I'm conducting network performance testing on VMware 6.7 using an Intel X710 quad port 10G NIC and seeing some unusual behavior. It started while testing our application, but also will happen when testing using a Centos 7.3 VM running an ethernet bridge. This X710 on the ESXi host has the latest i40en 1.7.11 driver and 6.01 firmware installed.
We've set up a simple topology where the VM is connected to two of the X710 ports on the host through two standard vSwitches.

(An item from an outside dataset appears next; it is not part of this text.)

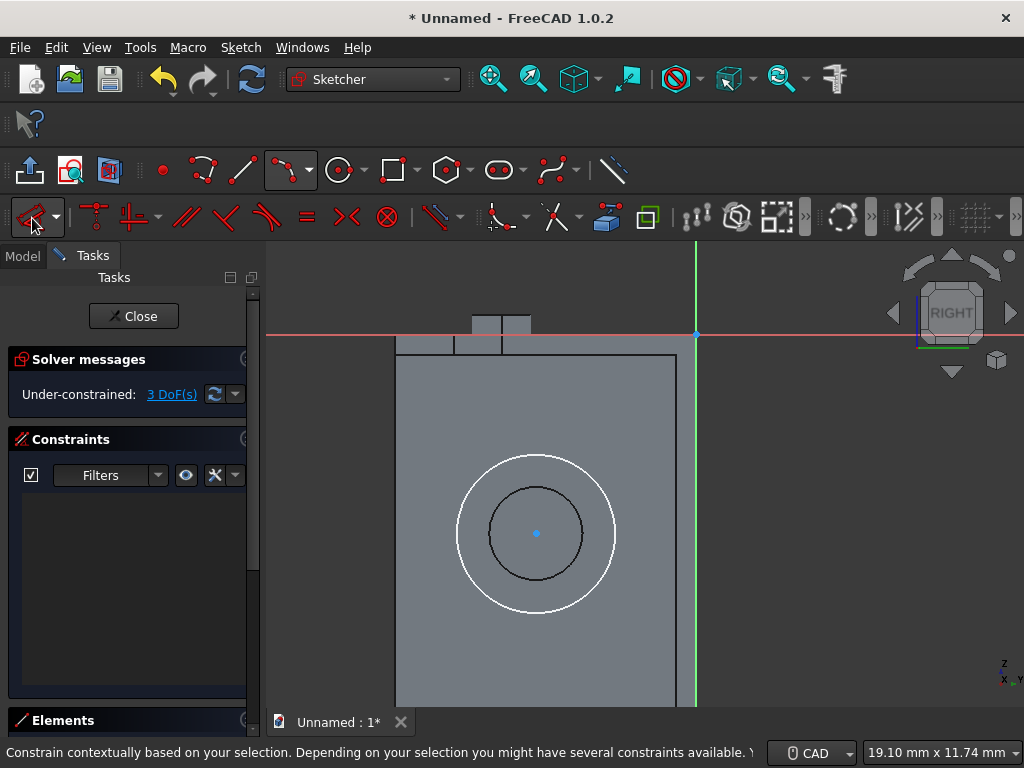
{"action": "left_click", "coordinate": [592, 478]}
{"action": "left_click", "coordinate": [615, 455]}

When forwarding TCP traffic across the ethernet bridge, after a few hundred HTTP transactions, we start to see more and more ARP requests and replies from a server IP/MAC address to the broadcast MAC, trying to resolve a client IP/MAC address. This type of traffic will increase while the HTTP traffic starts to decrease, until its eventually entirely ARP req/replies seen on the wire. Once the HTTP traffic test is stopped, the ARP traffic will continue for another minute or two. Without touching anything after the test completes, if we restart it again, the same pattern of HTTP traffic devolving into entirely ARP req/replies happens all over again.
We've tried to narrow down the specifics of this test and we've come up with the following observations:
- this will only happen with the Fotrville X710 cards, if we swap it for a Niantic 82599, this problem doesn't happen
- this will only happen with more than 100 or so IP addr src/dst pairs. If few than 100, the ARP req/replies are not seen.
- this problem does not seem to happen if using distributed vSwitches on the ESXi host, only the standard vSwitches exhibit this behavior.
- from the Force10 switch connecting the traffic generator to the ESXi host, the outgoing interface claims to have sent only a few hundred broadcast packets, where as the vmnic stats on the ESXi host claims to have received millions of broadcast packets. This makes it seem as though they are originating on the i40en driver or the standard vSwitch code.
At this point, it's difficult to tell where this problem is originating, either in the i40en driver or in the VMware standard vSwitch. Has anyone else observed anything similar to this behavior or might have a suggestion as to where to look further?